NCC.IDE.H.255 Transponder

Regulation (EU) No 800/2013

Helicopters shall be equipped with a pressure altitude reporting secondary surveillance radar (SSR) transponder and any other SSR transponder capability required for the route being flown.

SSR TRANSPONDER

(a) The secondary surveillance radar (SSR) transponders of helicopters being operated under European air traffic control should comply with any applicable Single European Sky legislation.

(b) If the Single European Sky legislation is not applicable, the SSR transponders should operate in accordance with the relevant provisions of Volume IV of ICAO Annex 10.

NCC.IDE.H.260 Management of aeronautical databases

Regulation (EU) 2016/1199

(a) Aeronautical databases used on certified aircraft system applications shall meet data quality requirements that are adequate for the intended use of the data.

(b) The operator shall ensure the timely distribution and insertion of current and unaltered aeronautical databases to all aircraft that require them.

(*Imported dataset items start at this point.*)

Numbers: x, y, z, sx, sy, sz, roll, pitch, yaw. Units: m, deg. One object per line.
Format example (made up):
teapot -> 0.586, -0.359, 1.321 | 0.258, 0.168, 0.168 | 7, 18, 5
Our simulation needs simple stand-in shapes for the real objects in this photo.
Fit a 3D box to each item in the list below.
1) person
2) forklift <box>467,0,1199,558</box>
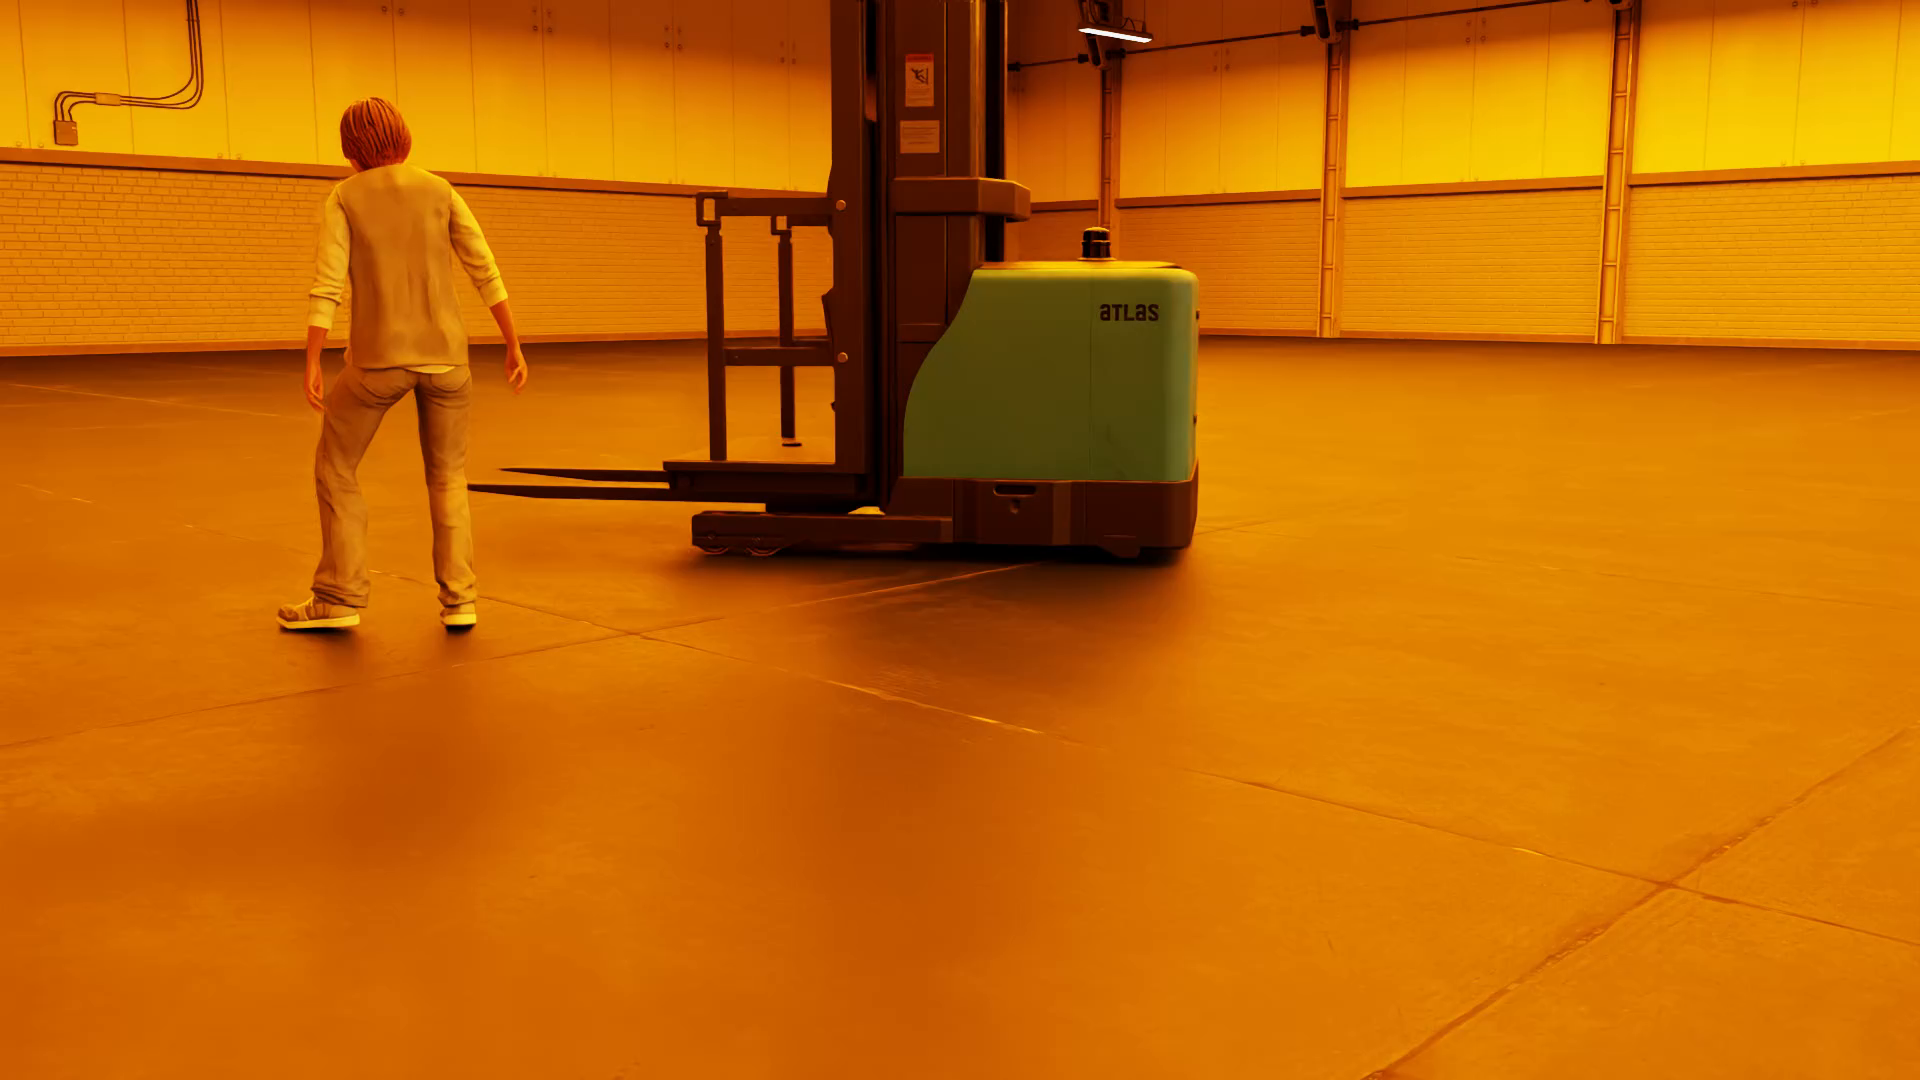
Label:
person -> -1.661, -0.509, 4.911 | 0.730, 1.568, 0.396 | -5, 10, -28
forklift -> -0.572, -1.462, 6.584 | 3.031, 2.935, 1.130 | 1, 9, 10

(c) Notwithstanding any other occurrence reporting requirements as defined in Regulation (EU) No 376/2014, the operator shall report to the database provider instances of erroneous, inconsistent or missing data that might be reasonably expected to constitute a hazard to flight.

In such cases, the operator shall inform flight crew and other personnel concerned, and shall ensure that the affected data is not used.

AERONAUTICAL DATABASES

When the operator of an aircraft uses an aeronautical database that supports an airborne navigation application as a primary means of navigation used to meet the airspace usage requirements, the database provider should be a Type 2 DAT provider certified in accordance with Regulation (EU) 2017/373 or equivalent.

AERONAUTICAL DATABASE APPLICATIONS

(a) Applications using aeronautical databases for which Type 2 DAT providers should be certified in accordance with Regulation (EU) 2017/373 may be found in GM1 DAT.OR.100.

(b) The certification of a Type 2 DAT provider in accordance with Regulation (EU) 2017/373 ensures data integrity and compatibility with the certified aircraft application/equipment.

TIMELY DISTRIBUTION

The operator should distribute current and unaltered aeronautical databases to all aircraft requiring them in accordance with the validity period of the databases or in accordance with a procedure established in the operations manual if no validity period is defined.

STANDARDS FOR AERONAUTICAL DATABASES AND DAT PROVIDERS

(a) A ‘Type 2 DAT provider’ is an organisation as defined in Article 2(5)(b) of Regulation (EU) 2017/373.

(b) Equivalent to a certified ‘Type 2 DAT provider’ is defined in any Aviation Safety Agreement between the European Union and a third country, including any Technical Implementation Procedures, or any Working Arrangements between EASA and the competent authority of a third country.